Zurück ins Zentrum heißt das Motto für Senioren. Nicht mehr am Stadtrand sondern mittendrin in der Stadt wollen Ältere leben. Und das Angebot wächst.

19.12.2007

Viel zentrumsnäher als in diesem Fall geht es kaum: An der Olpe/Ecke Rosental entstehen bald 38 neue Wohnungen für Senioren. Dazu wird die bislang als Parkplatz genutzte Baulücke unmittelbar auf der Straßenecke geschlossen und die Flachbauten entlang der Olpe abgerissen. Stattdessen entsteht anschließend an das schon bestehende Eckhaus Olpe/Kleppingstraße ein Baukörper mit vier, bzw. an der Straßenecke mit fünf Etagen plus Sockelgeschoss und Tiefgarage.

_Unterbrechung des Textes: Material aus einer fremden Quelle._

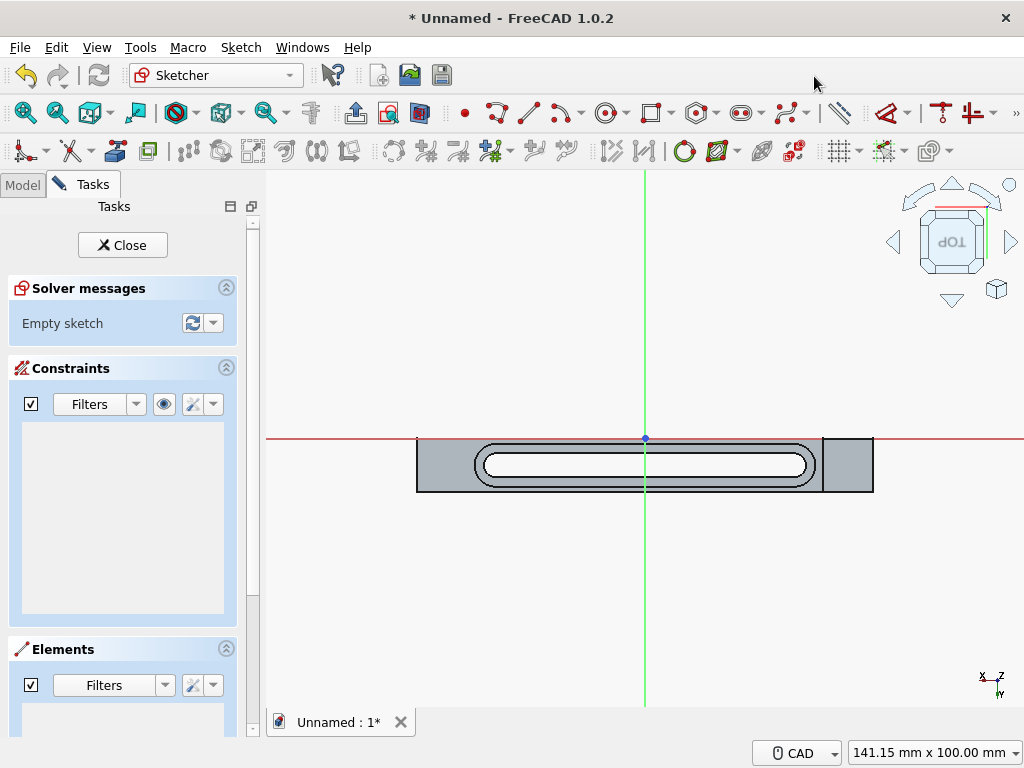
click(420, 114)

Das Stichwort heißt Service-Wohnen: Die Bewohner können nicht nur Einrichtungen wie die Gemeinschafts- und Wellness-Räume im Obergeschoss oder ein Apartment, das für Besuche von Angehörigen zur Verfügung steht, mit nutzen, sondern auch Service-Pakete dazu buchen - vom Putz- und Wäschedienst bis zu Pflegeleistungen, erläutert Bauherr Dirk Schoeme. Dazu gibt es derzeit Gespräche mit einem Dortmunder Wohlfahrtsverband.

Abriss genehmigt

Sachkundige Hilfe leistet nicht zuletzt die auf Seniorenwohnungen spezialisierte IBAC, die als so genannter "General-Übernahme", das Projekt mit entwickelt. Das Iserlohner Unternehmen bietet in Dortmund Service-Wohnen für Senioren u.a. schon im Hartkortbogen in Hombruch an und baut derzeit den Seniorenwohnsitz Kreuzviertel an der Lindemannstraße. Während dort Eigentumswohnungen entstehen, sind es an der Olpe allerdings Mietwohnungen. Ein mittleres Preisniveau peilt der Bauherr und spätere Betreiber bei den Service-Angeboten nach eigenen Worten an. Wobei an der Qualität nicht gespart werden soll. Wie die IBAC im Kreuzviertel will sich auch Schoeme um das NRW-Qualitätssiegel "Betreutes Wohnen für ältere Menschen" bewerben.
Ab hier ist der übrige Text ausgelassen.